* _Records shown_:

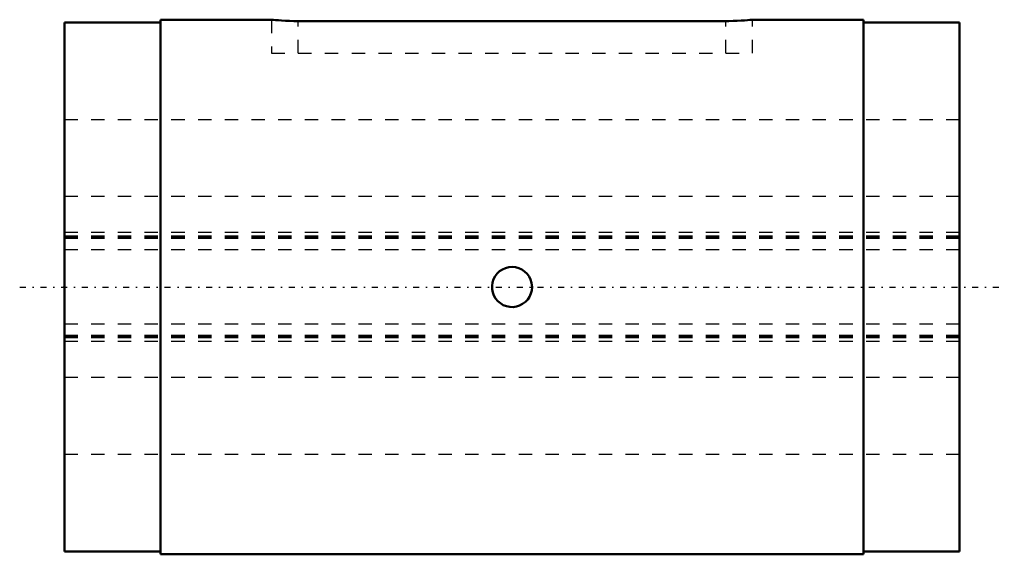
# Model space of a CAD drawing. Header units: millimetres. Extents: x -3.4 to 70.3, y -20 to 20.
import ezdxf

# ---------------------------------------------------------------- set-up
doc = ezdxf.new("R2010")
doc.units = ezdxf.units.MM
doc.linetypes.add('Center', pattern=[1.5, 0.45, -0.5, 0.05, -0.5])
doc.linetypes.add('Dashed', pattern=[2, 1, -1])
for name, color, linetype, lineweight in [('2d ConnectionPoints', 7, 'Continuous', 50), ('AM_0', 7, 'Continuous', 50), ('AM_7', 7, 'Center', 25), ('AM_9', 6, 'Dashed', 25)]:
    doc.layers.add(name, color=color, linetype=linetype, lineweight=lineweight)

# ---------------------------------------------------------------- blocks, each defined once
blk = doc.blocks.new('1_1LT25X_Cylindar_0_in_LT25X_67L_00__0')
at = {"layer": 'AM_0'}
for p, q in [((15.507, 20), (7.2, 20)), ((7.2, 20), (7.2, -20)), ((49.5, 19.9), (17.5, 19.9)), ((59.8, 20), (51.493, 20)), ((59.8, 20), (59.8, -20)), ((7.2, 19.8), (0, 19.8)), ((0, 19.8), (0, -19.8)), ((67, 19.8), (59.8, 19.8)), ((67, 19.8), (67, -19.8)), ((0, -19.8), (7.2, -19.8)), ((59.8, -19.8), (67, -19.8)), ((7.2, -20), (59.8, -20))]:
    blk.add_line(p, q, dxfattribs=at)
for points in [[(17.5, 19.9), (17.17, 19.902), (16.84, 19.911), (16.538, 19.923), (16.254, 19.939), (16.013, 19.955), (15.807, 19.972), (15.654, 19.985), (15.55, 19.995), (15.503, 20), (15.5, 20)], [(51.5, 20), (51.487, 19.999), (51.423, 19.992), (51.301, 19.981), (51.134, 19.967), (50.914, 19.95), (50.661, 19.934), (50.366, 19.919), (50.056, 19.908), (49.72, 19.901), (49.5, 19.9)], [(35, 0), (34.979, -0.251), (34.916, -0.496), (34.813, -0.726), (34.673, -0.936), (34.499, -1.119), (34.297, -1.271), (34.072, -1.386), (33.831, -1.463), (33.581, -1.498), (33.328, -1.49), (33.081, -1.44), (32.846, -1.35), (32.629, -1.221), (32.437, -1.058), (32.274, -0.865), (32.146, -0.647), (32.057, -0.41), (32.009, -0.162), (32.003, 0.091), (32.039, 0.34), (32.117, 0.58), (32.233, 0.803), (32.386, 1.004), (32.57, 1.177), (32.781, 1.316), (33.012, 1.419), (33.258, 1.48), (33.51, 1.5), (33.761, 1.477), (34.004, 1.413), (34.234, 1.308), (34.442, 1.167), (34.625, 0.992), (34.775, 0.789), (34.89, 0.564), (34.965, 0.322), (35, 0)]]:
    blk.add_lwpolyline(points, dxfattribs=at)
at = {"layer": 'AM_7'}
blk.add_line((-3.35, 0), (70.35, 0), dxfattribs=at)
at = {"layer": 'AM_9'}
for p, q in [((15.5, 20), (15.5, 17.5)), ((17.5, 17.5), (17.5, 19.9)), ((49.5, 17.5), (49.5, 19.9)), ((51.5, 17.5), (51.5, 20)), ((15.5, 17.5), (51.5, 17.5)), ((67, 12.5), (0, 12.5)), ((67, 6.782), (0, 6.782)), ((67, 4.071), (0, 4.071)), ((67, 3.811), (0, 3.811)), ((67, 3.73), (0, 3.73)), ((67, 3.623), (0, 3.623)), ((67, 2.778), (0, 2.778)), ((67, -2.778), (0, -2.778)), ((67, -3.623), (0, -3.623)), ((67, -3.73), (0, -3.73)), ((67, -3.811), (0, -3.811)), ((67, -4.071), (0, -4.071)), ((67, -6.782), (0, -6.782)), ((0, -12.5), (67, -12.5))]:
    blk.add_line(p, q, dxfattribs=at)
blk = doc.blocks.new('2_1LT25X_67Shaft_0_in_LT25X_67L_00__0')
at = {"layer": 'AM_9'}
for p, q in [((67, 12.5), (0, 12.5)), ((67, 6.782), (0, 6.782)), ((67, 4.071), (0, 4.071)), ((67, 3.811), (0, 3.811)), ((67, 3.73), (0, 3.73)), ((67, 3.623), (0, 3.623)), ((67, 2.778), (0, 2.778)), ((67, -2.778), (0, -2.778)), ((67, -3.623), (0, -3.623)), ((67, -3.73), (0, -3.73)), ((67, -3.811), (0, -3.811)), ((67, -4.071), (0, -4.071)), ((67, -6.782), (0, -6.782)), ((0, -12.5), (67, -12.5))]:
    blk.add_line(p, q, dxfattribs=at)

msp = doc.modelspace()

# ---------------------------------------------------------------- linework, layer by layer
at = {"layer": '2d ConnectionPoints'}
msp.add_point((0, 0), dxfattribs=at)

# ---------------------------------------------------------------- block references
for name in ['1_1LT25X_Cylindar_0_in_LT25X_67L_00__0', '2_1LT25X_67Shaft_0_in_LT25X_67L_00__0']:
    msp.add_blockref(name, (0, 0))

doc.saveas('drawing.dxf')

* _Brief_: Read the data above and pull out each line that holds the string "linetypes".

* _Result_:
doc.linetypes.add('Center', pattern=[1.5, 0.45, -0.5, 0.05, -0.5])
doc.linetypes.add('Dashed', pattern=[2, 1, -1])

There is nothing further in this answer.